Que no haya ningún niño. Excepto que están cegados por el deseo, son culpables quienes abandonan sus deberes, lo cual ablanda el alma, es decir, por el trabajo.
Pero para que veáis de dónde viene todo ese error de quienes acusan el placer y alaban el dolor, os revelaré todo el asunto y os explicaré las mismas cosas que dijo aquel descubridor de la verdad y como artífice de una vida feliz.
Ni hay nadie que ame, persiga o busque obtener el dolor mismo porque es dolor, sino porque a menudo ocurren ocasiones en que busca algún gran placer mediante el trabajo y el dolor. Porque, para decirlo suavemente, ¿quién de nosotros emprende algún ejercicio físico laborioso a menos que espere obtener algún beneficio de ello?

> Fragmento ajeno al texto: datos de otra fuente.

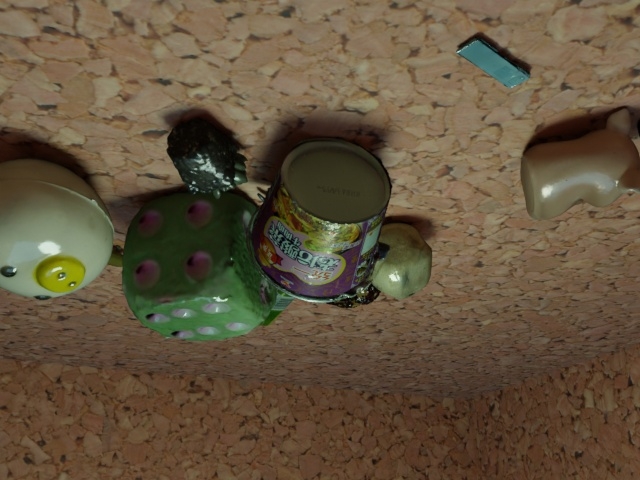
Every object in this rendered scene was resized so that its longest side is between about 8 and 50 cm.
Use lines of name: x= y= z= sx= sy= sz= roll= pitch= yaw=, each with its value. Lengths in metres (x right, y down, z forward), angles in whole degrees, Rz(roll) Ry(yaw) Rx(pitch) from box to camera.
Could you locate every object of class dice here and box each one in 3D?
dice: x=-0.308 y=0.073 z=1.825 sx=0.322 sy=0.330 sz=0.318 roll=-10 pitch=155 yaw=15

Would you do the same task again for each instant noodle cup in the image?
instant noodle cup: x=0.014 y=-0.063 z=1.600 sx=0.340 sy=0.339 sz=0.266 roll=5 pitch=144 yaw=-13

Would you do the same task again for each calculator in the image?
calculator: x=0.336 y=-0.341 z=1.332 sx=0.172 sy=0.018 sz=0.057 roll=18 pitch=147 yaw=-36

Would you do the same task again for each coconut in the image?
coconut: x=0.221 y=0.062 z=1.977 sx=0.224 sy=0.224 sz=0.224 roll=-1 pitch=155 yaw=-1

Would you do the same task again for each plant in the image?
plant: x=-0.247 y=-0.172 z=1.532 sx=0.129 sy=0.132 sz=0.194 roll=-9 pitch=150 yaw=22

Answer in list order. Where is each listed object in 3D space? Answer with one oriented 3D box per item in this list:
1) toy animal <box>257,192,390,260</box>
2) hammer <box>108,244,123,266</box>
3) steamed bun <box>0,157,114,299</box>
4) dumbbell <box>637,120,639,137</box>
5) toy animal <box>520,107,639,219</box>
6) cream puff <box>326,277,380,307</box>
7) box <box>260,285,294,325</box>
toy animal: x=0.004 y=-0.029 z=1.851 sx=0.367 sy=0.081 sz=0.206 roll=25 pitch=177 yaw=3
hammer: x=-0.663 y=0.024 z=1.977 sx=0.202 sy=0.113 sz=0.305 roll=-13 pitch=158 yaw=30
steamed bun: x=-0.662 y=-0.025 z=1.622 sx=0.334 sy=0.333 sz=0.374 roll=-6 pitch=150 yaw=10
dumbbell: x=0.754 y=-0.183 z=1.494 sx=0.100 sy=0.191 sz=0.100 roll=-1 pitch=154 yaw=0
toy animal: x=0.585 y=-0.146 z=1.571 sx=0.256 sy=0.195 sz=0.213 roll=-14 pitch=161 yaw=18
cream puff: x=0.082 y=0.119 z=2.142 sx=0.239 sy=0.164 sz=0.239 roll=0 pitch=158 yaw=0
box: x=-0.142 y=0.168 z=2.273 sx=0.097 sy=0.134 sz=0.345 roll=7 pitch=153 yaw=-19

Pero nosotros acusamos y consideramos más merecedores de justo odio a quienes, apaciguados y corrompidos por los atractivos de los placeres presentes, cegados por la codicia, no prevén los dolores y las molestias que han de sufrir. Y aquellos que abandonan sus deberes por debilidad de espíritu, es decir, por evitar trabajos y dolores, son igualmente culpables.
Pero ¿quién podría culpar con razón a quien desea estar en ese placer que no produce incomodidad, o a quien evita ese dolor que no produce placer?
Pero en ciertas ocasiones, ya sea por deberes o por necesidades de la vida, sucederá con frecuencia que sea necesario rechazar los placeres y no rehusar las molestias. Por lo tanto, el hombre sabio está obligado a elegir estas cosas, de modo que, o bien rechazando los placeres mayores, puede alcanzar otros, o bien soportando dolores más severos puede rechazarlos.
Lorem ipsum dolor sit amet, consectetur adipisicing elit, sed do eiusmod tempor incididunt ut labore et dolore magna aliqua. En efecto, para ir al grano, ¿quién realizaría cualquier tipo de trabajo si no fuera para obtener algún beneficio de él?
«Dos ahora irure dolor en reprender en placer quieren ser un cillum dolor eu huir»
Porque nadie desprecia, odia ni huye del placer mismo porque es placer, sino porque grandes dolores siguen a quienes no saben seguir el placer con la razón.
Y, de hecho, la distinción entre estas cosas es fácil y directa. Porque en el tiempo libre, cuando tenemos libre elección y nada nos impide hacer lo que más nos agrada, todo placer debe ser abrazado y todo dolor repelido.